Your objective:
Restate word for word the lines of the records below, starting at the line that contains "Answer: Latitude 20" and ending at the line that contains "Answer: Yes", with both of those lines included and nothing else.

Data:

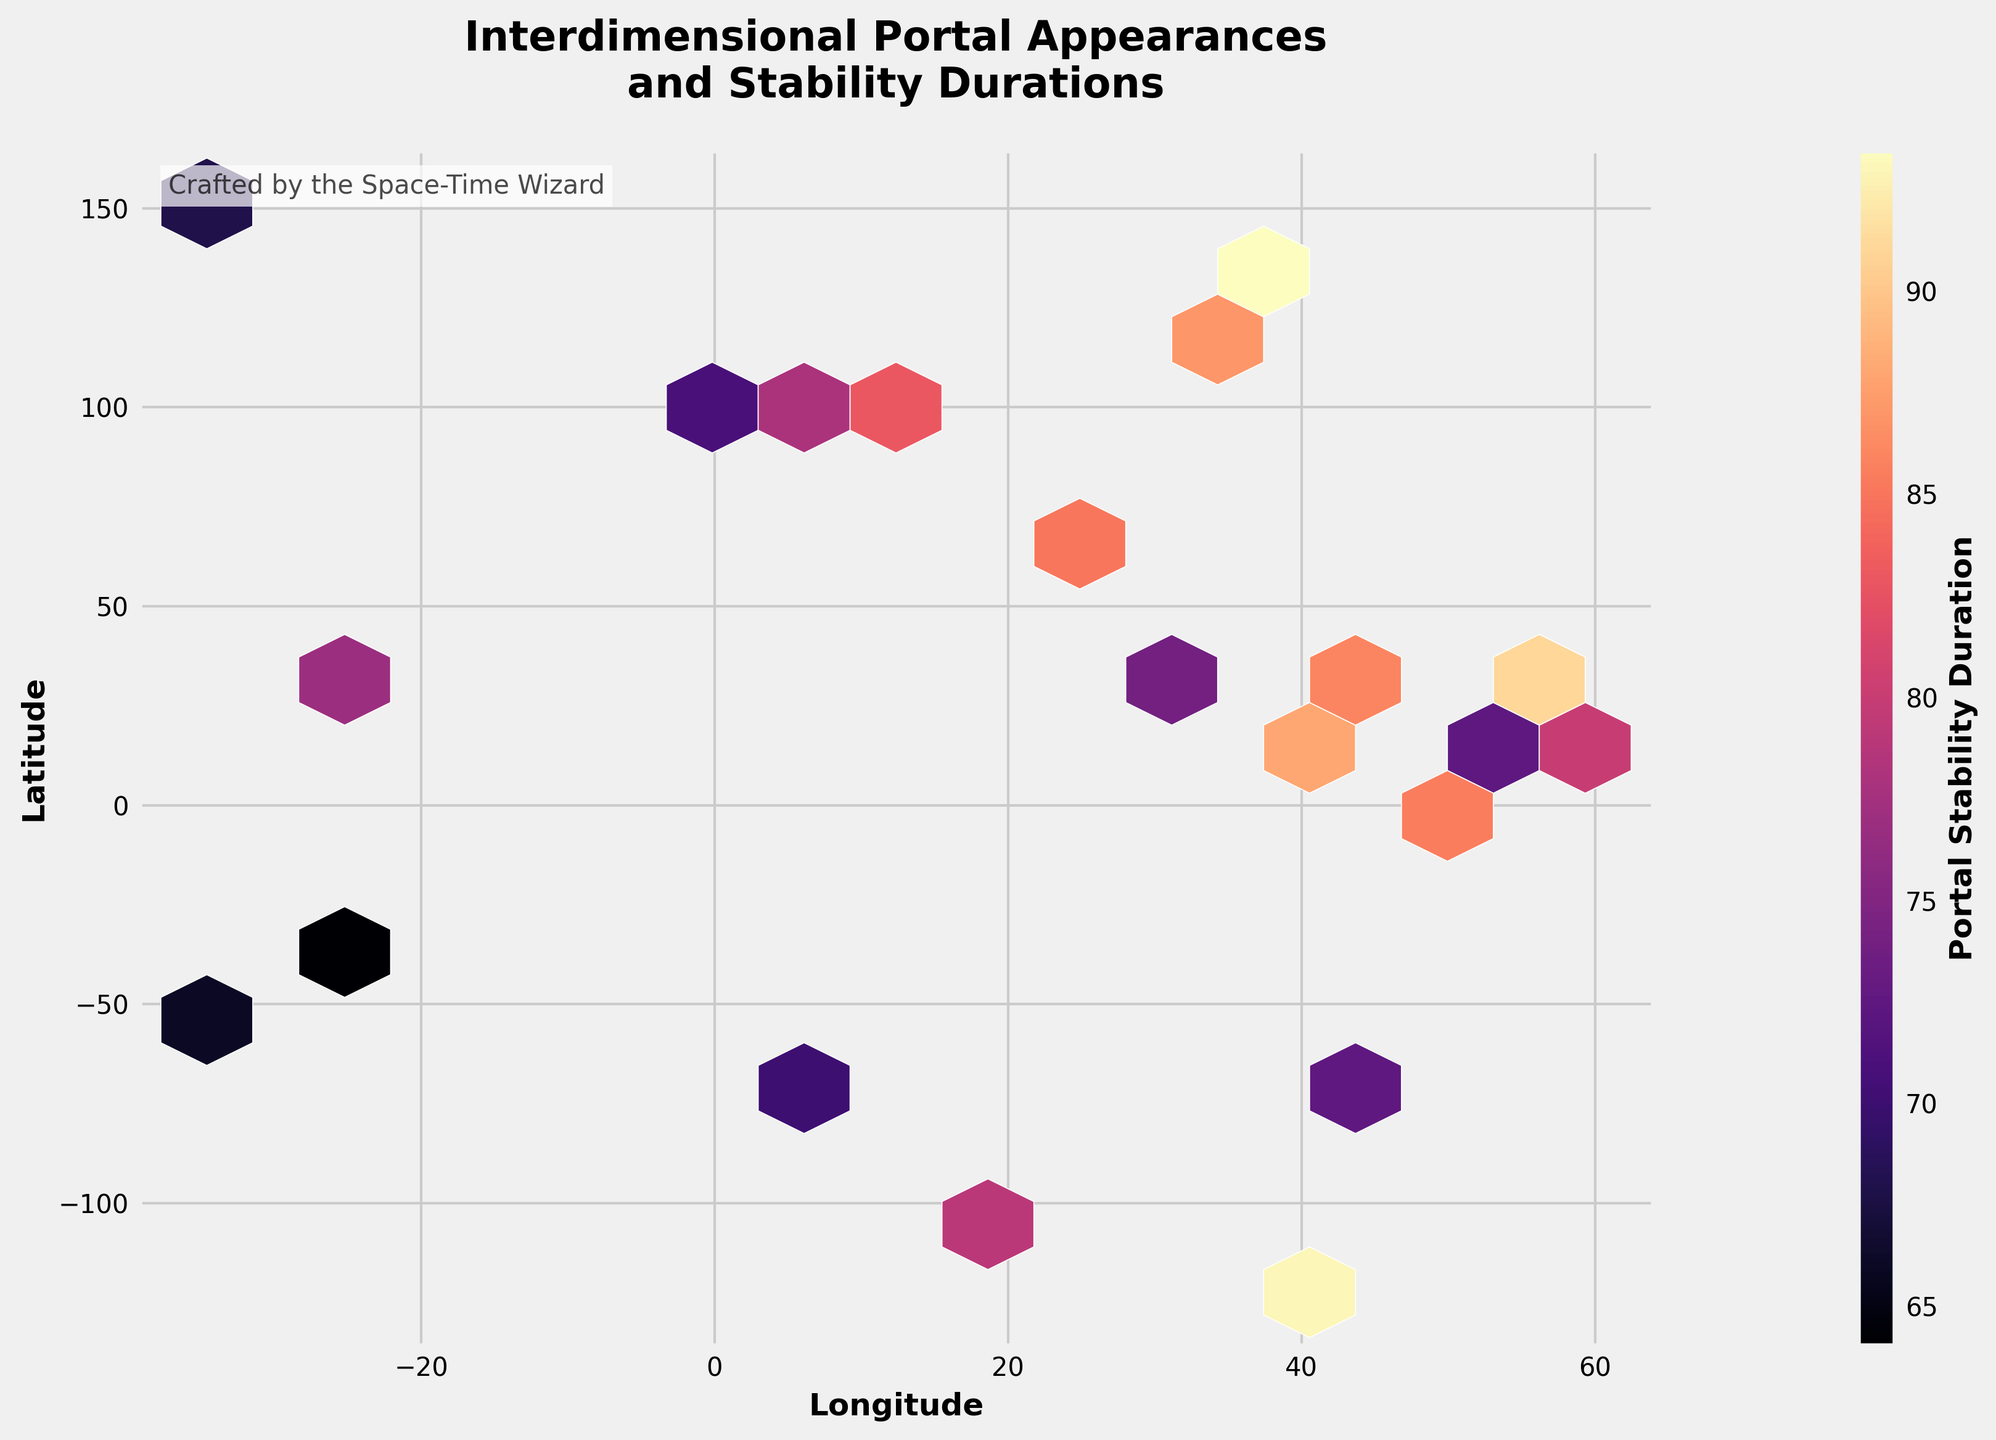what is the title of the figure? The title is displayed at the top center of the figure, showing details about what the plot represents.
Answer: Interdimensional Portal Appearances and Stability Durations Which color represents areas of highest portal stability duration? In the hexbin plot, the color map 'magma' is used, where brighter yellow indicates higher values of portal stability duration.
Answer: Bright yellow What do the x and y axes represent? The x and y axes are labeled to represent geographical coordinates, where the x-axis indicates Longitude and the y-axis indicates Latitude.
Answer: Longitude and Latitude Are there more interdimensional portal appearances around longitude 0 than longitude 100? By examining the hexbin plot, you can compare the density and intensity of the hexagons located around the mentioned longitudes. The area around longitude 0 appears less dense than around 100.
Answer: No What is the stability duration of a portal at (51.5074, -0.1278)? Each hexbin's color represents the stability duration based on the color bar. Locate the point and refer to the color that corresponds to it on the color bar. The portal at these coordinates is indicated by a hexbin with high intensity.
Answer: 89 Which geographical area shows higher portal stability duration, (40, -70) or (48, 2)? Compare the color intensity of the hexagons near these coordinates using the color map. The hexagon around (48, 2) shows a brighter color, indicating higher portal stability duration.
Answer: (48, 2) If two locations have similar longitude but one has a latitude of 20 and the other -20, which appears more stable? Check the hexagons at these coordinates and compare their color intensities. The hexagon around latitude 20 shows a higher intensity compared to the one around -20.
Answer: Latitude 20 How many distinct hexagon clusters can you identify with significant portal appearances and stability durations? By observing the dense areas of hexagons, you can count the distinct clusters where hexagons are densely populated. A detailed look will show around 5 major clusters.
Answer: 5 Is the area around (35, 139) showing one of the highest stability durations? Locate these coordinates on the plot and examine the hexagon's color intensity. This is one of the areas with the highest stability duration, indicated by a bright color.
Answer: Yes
--
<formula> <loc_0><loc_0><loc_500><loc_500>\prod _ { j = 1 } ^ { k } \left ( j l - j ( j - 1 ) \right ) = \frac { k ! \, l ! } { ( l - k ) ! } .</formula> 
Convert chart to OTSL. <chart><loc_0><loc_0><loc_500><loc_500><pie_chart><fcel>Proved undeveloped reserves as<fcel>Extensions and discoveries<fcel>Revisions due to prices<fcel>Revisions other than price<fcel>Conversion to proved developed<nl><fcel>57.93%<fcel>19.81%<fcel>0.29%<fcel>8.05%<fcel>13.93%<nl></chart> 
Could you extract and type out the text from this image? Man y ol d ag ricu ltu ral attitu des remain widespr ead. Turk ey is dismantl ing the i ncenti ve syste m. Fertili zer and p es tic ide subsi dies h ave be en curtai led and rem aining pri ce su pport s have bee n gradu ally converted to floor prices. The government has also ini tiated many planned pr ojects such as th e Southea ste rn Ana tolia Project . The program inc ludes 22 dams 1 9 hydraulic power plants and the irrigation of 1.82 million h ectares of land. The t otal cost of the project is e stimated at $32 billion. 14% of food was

Task response:
Answer: Latitude 20 How many distinct hexagon clusters can you identify with significant portal appearances and stability durations? By observing the dense areas of hexagons, you can count the distinct clusters where hexagons are densely populated. A detailed look will show around 5 major clusters.
Answer: 5 Is the area around (35, 139) showing one of the highest stability durations? Locate these coordinates on the plot and examine the hexagon's color intensity. This is one of the areas with the highest stability duration, indicated by a bright color.
Answer: Yes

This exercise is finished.